To convert raw voltage into battery voltage, use the following formula:

float battery = ((data[4] * 256) + data[5]);
float voltage = 0.00322 * battery;

When the sensor reboots and its in run mode it will send the following string, which indicates that sensor is in run mode:

wireless temperature humidity sensor module

Example Data In API mode

7E 00 19 90 00 13 A2 00 41 5B 75 C3 FF FE C2 7F 01 01 03 AB 01 00 01 00 56 66 67 09 CA

Sensor Address: 00 13 A2 00 41 5B 75 C3

Sensor Data: 7F 01 01 03 AB 01 00 01 00 56 66 67 09

wireless temperature humidity sensor

To configure the wireless temperature humidity  sensor, check out how to configure wireless sensor article

Labview utility for wireless temperature humidity sensor can be found over here

Wireless Sensor LabView Utility 

wireless temperature humidity sensor labiew driver

See Also: How to Configure Wireless Sensors

This equipment has been tested and found to comply with the limits for a Class B digital device, pursuant to Part 15 of the FCC Rules. These limits are designed to provide reasonable protection against harmful interference in a residential installation. This equipment generates, uses and can radiate radio frequency energy and, if not installed and used in accordance with the instructions, may cause harmful interference to radio communications. However, there is no guarantee that interference will not occur in a particular installation.

If this equipment does cause harmful interference to radio or television reception, which can be determined by turning the equipment off and on, the user is encouraged to try to correct the interference by one or more of the following measures:

  • Re-orient or relocate the receiving antenna.
  • Increase the separation between the equipment and receiver.
  • Connect equipment and receiver to outlets on different circuits.
  • Consult the dealer or an experienced radio/TV technician for help.
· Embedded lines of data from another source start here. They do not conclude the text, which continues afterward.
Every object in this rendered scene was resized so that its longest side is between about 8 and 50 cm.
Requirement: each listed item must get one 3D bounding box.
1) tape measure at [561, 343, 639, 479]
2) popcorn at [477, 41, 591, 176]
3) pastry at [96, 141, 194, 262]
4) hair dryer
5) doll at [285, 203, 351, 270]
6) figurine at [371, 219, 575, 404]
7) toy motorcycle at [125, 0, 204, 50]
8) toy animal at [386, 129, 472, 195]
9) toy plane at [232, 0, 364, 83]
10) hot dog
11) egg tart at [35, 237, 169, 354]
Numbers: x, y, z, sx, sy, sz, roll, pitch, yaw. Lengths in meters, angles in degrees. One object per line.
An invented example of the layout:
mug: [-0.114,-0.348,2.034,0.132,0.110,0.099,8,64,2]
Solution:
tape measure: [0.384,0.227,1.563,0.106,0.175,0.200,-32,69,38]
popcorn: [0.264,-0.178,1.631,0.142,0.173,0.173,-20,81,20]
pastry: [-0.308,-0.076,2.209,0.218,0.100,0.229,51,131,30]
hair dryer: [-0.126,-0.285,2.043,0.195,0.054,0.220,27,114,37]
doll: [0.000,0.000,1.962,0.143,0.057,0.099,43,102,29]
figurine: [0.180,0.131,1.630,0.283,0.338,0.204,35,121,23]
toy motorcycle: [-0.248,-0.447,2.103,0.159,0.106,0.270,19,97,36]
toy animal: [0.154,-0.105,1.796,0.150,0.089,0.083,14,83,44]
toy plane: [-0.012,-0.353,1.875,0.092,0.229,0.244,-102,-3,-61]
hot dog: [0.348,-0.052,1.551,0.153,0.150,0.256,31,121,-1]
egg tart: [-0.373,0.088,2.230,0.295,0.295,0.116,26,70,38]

CAUTION! To satisfy FCC RF exposure requirements for mobile transmitting devices, a separation distance of 20 cm or more should be maintained between the antenna of this device and persons during device operation. To ensure compliance, operations at closer than this distance is not recommended. The antenna used for this transmitter must not be co-located in conjunction with any other antenna or transmitter.